__Exercise requirements__: Could you filter the records below and return each line that holds "bicyclist"?
*** Records shown ***
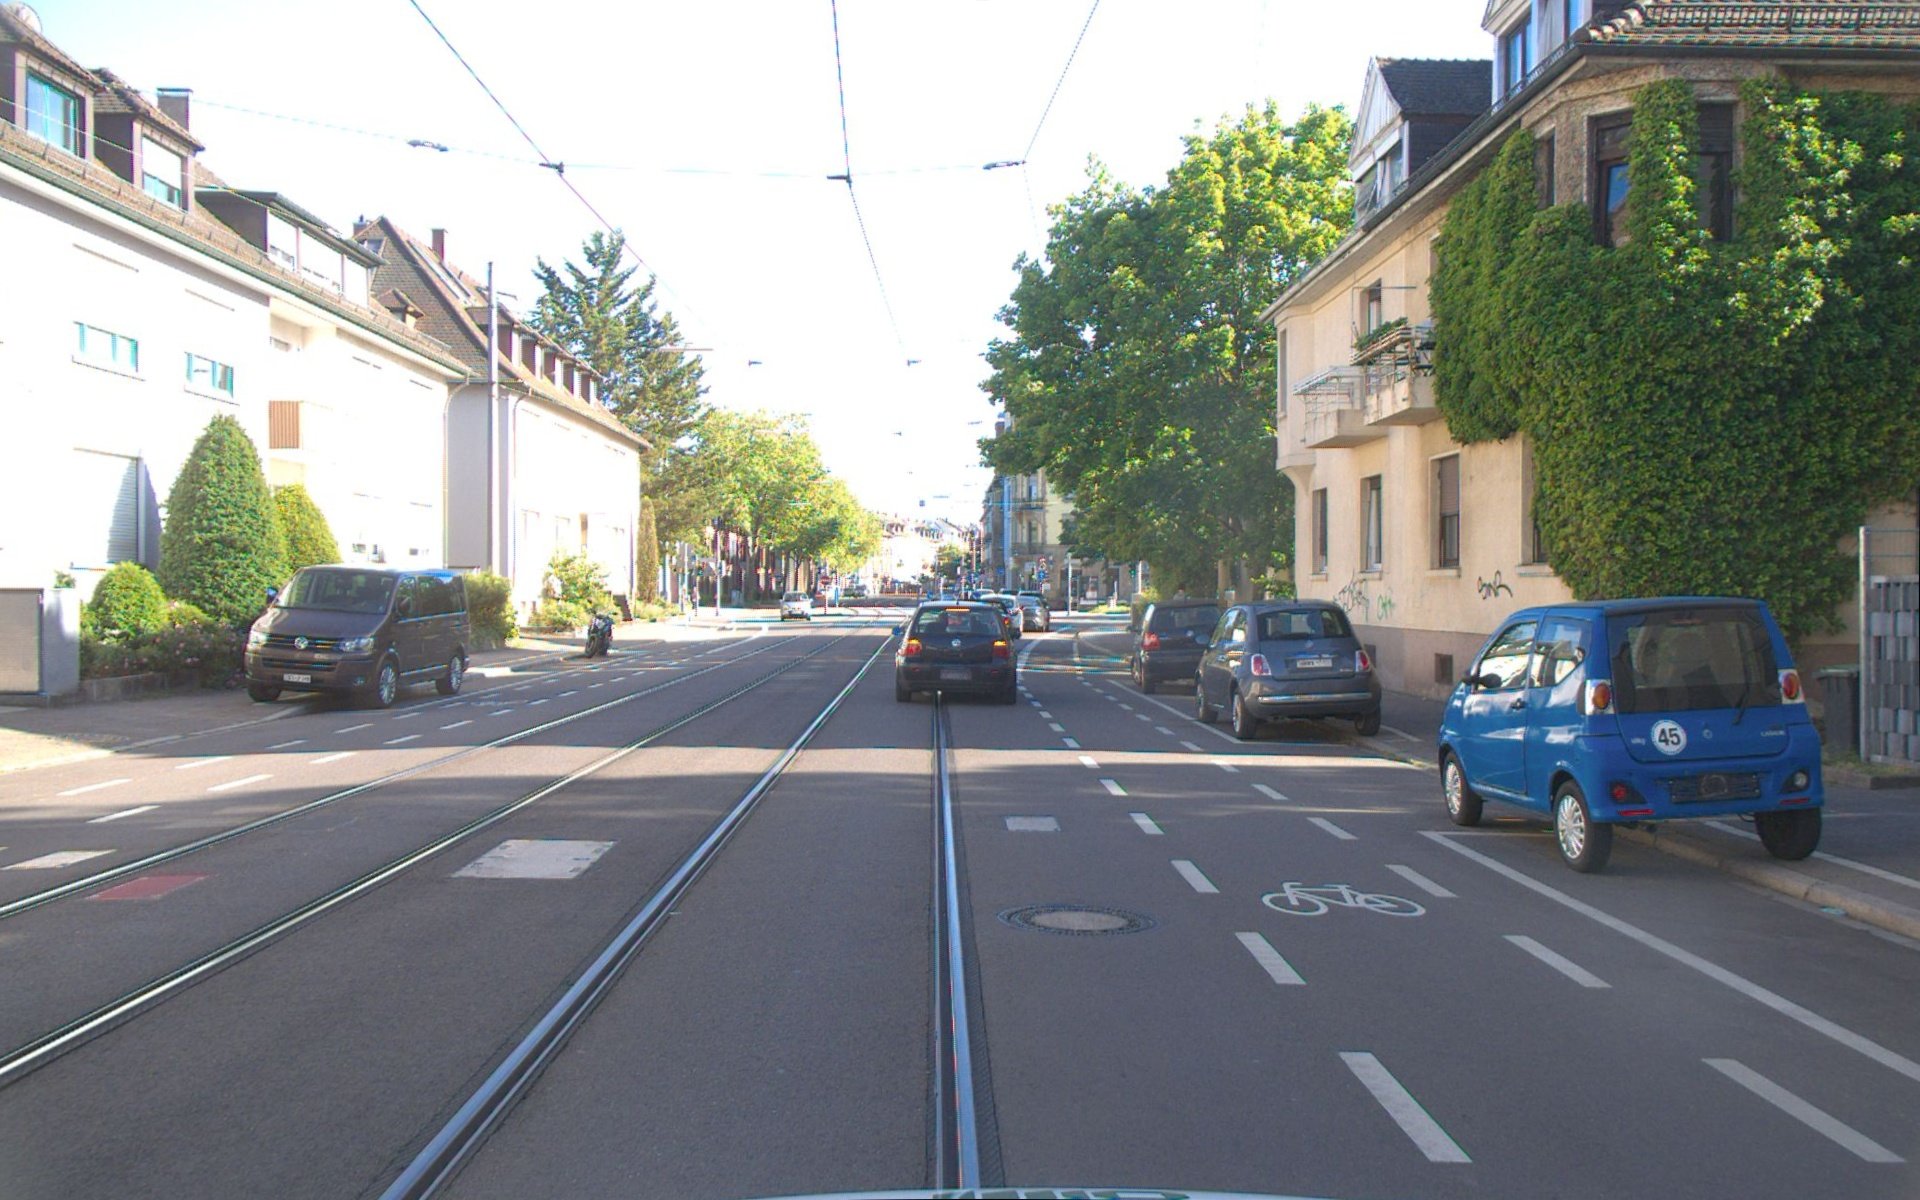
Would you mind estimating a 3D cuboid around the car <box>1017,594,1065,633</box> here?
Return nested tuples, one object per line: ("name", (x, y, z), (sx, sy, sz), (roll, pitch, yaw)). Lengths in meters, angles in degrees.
("car", (3.147, 0.499, 64.903), (1.538, 1.334, 3.646), (0, 3, -3))

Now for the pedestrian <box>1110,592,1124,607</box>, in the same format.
("pedestrian", (12.480, -0.030, 131.486), (0.960, 1.208, 0.743), (0, 0, -2))

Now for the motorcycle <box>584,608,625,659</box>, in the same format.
("motorcycle", (-8.627, 0.799, 40.223), (0.525, 1.183, 2.171), (-2, 0, -1))

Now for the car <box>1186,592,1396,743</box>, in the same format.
("car", (3.775, 0.715, 19.431), (1.569, 1.552, 3.547), (2, 0, -3))

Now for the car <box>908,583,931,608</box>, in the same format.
("car", (-3.279, -0.400, 133.457), (1.751, 1.892, 3.998), (3, 0, -3))

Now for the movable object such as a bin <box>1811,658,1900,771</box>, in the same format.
("movable object such as a bin", (7.751, 0.984, 14.327), (0.483, 0.932, 0.514), (0, 0, -3))

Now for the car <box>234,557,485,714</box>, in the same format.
("car", (-8.736, 0.456, 24.579), (1.867, 2.049, 4.949), (2, 0, 0))

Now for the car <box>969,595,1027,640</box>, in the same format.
("car", (1.331, 0.560, 56.329), (1.703, 1.466, 3.812), (0, 0, 5))

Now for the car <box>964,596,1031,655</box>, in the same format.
("car", (0.916, 0.618, 41.956), (1.601, 1.396, 3.757), (0, 0, 0))

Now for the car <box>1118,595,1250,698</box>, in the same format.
("car", (3.706, 0.735, 27.916), (1.632, 1.591, 3.770), (1, 0, -1))

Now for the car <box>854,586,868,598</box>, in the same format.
("car", (-15.015, -1.189, 251.291), (1.933, 1.847, 4.292), (0, 0, -5))

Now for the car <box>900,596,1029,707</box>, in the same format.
("car", (0.035, 0.679, 24.050), (1.681, 1.427, 4.005), (2, 0, -1))

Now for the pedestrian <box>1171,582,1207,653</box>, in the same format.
("pedestrian", (5.615, 0.419, 40.605), (0.703, 1.717, 0.870), (-1, 0, -2))

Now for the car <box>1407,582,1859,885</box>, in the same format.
("car", (4.144, 0.724, 10.716), (1.428, 1.627, 3.292), (2, 0, -3))

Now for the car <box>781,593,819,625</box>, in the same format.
("car", (-7.896, 0.438, 81.928), (1.543, 1.503, 3.440), (-1, 0, -1))

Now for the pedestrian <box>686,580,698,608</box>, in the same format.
("pedestrian", (-17.411, -0.386, 107.312), (0.600, 1.719, 0.729), (3, 0, -19))
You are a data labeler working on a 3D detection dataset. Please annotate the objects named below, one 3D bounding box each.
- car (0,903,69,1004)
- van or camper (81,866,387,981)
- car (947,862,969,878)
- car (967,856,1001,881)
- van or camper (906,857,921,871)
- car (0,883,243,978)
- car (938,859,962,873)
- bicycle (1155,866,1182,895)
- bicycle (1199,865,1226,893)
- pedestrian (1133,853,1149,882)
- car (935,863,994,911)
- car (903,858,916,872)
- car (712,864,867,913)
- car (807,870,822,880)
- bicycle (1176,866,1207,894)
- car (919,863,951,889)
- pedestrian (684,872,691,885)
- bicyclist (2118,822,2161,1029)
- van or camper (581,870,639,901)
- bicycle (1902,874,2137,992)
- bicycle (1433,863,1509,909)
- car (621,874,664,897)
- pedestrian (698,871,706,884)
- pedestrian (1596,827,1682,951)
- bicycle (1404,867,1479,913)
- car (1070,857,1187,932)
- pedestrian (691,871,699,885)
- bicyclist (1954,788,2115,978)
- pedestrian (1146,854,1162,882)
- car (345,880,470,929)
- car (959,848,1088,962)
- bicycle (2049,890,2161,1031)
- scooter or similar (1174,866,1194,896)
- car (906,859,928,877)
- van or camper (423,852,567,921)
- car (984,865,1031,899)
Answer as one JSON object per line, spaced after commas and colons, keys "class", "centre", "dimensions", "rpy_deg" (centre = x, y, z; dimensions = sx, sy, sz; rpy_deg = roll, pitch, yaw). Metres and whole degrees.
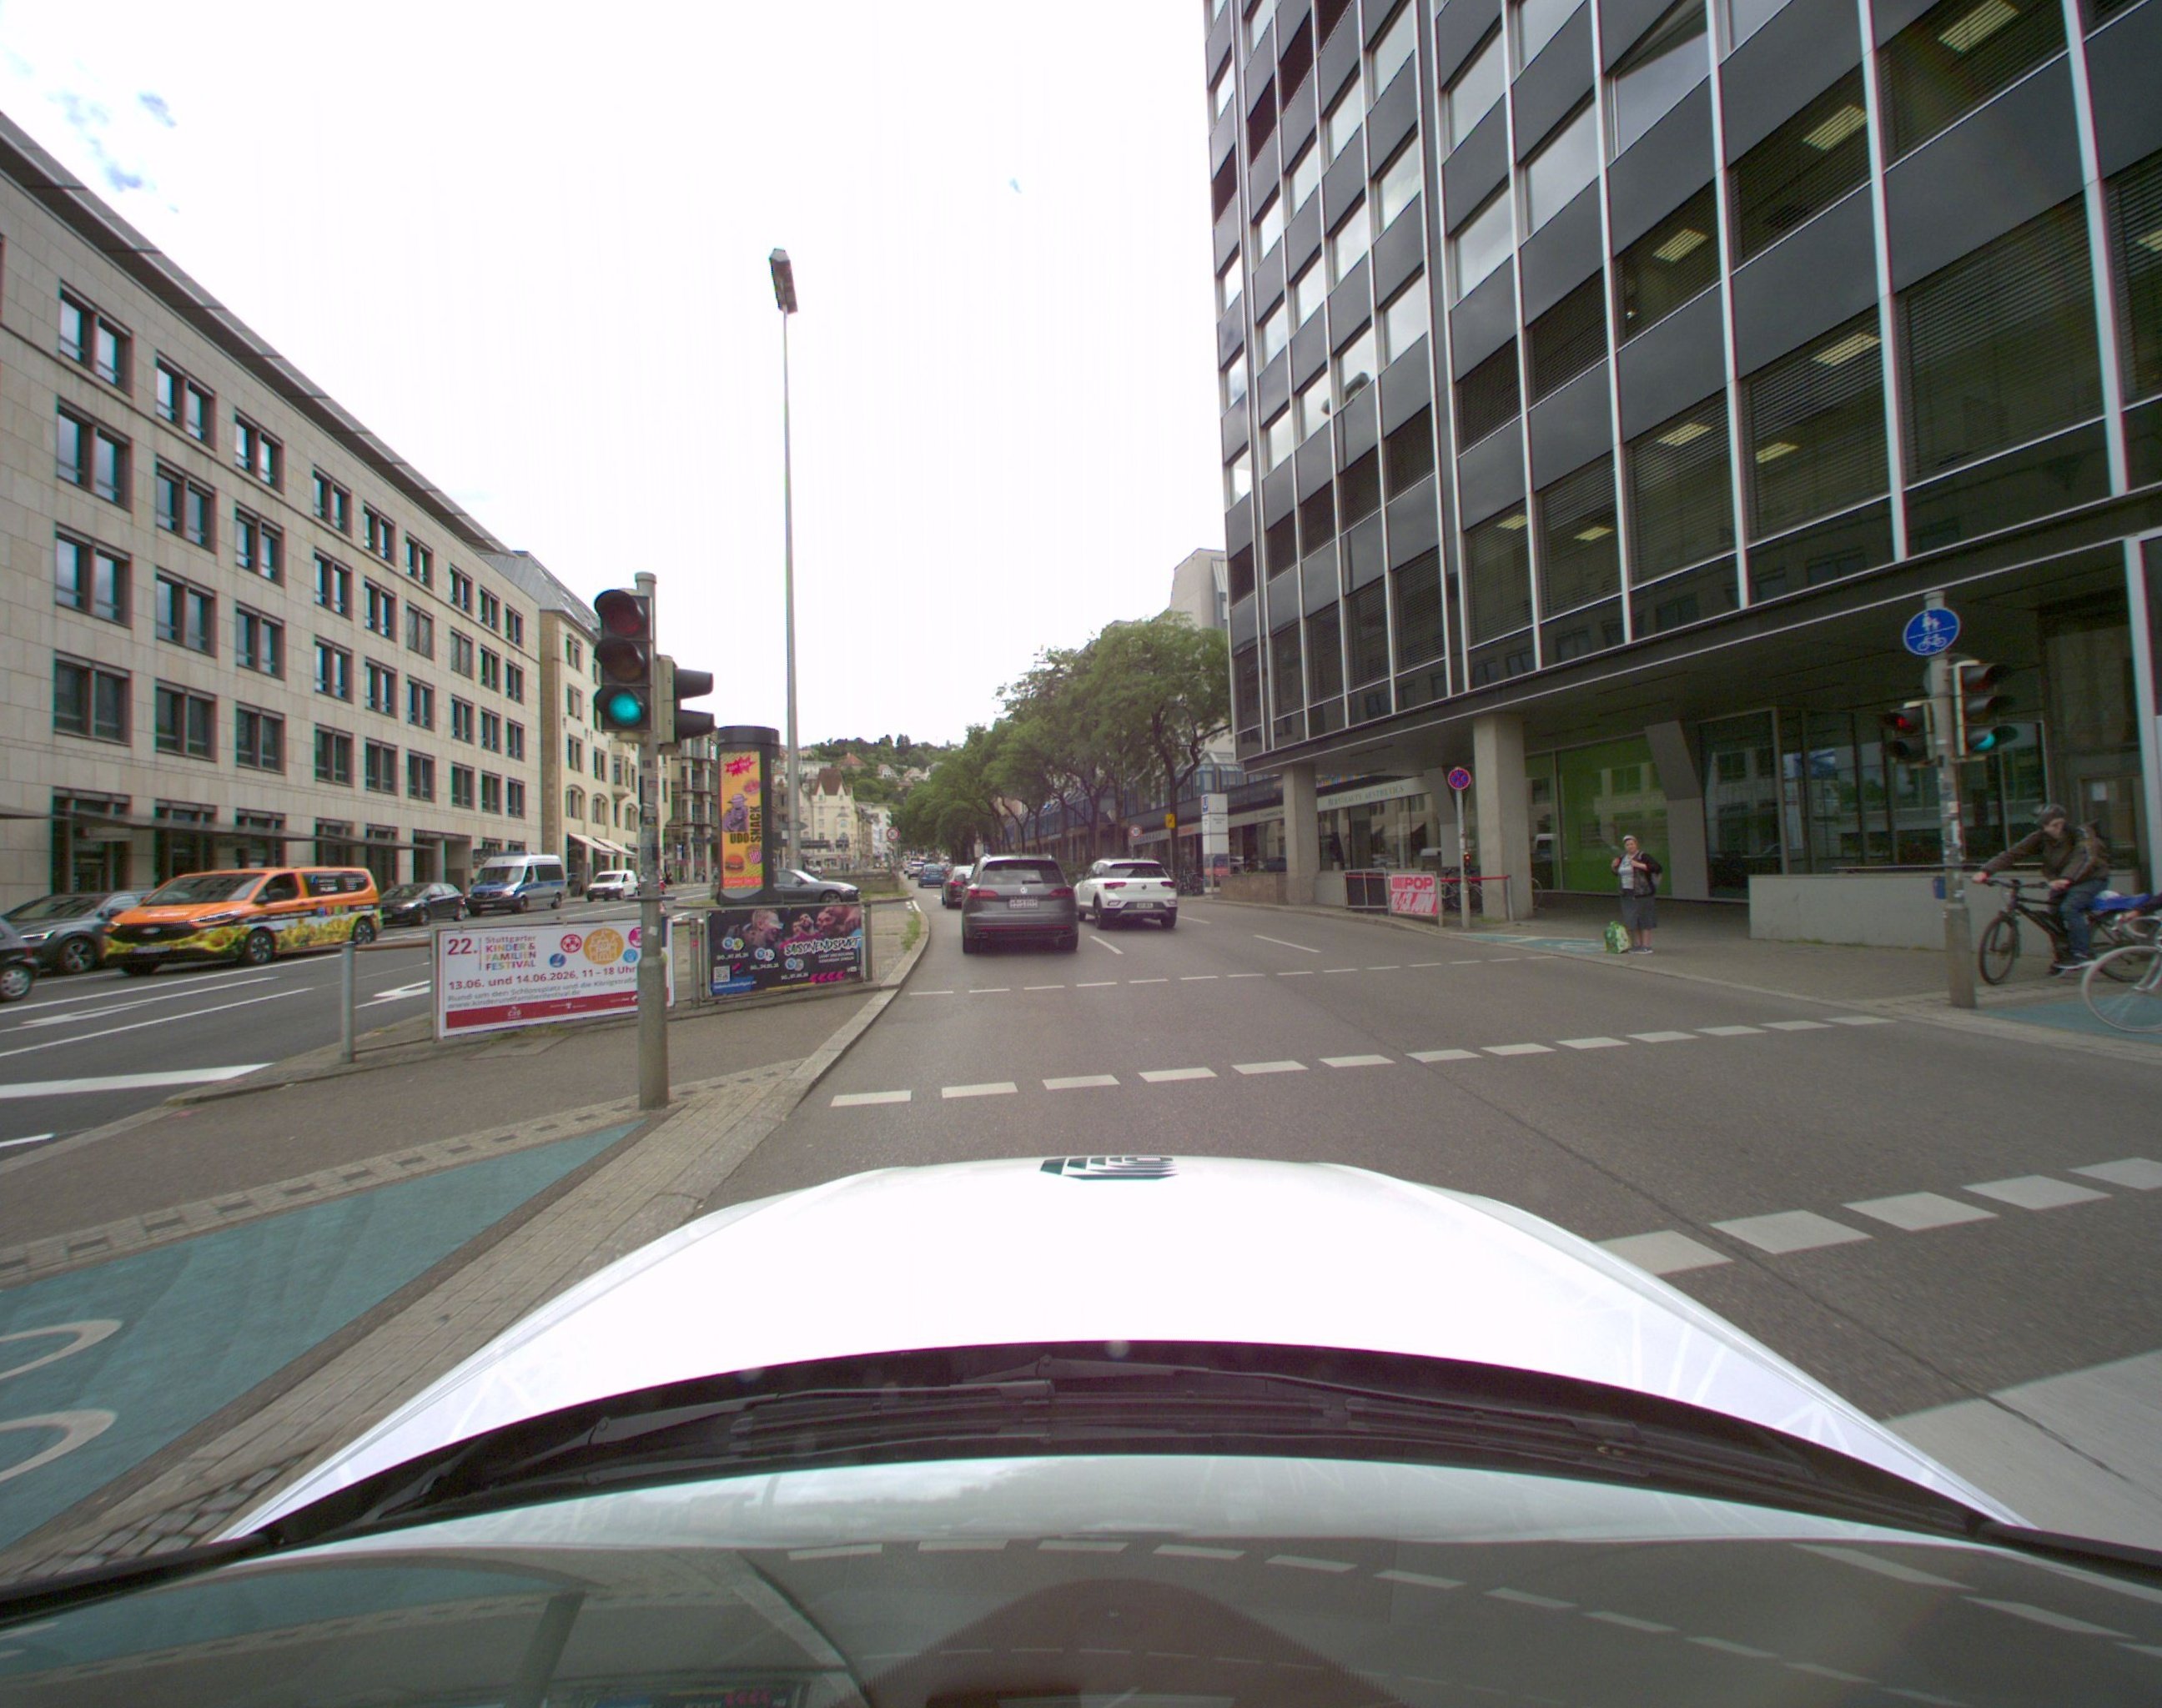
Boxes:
*** End of Records shown ***
__Completed exercise__:
- bicyclist (2118,822,2161,1029)
- bicyclist (1954,788,2115,978)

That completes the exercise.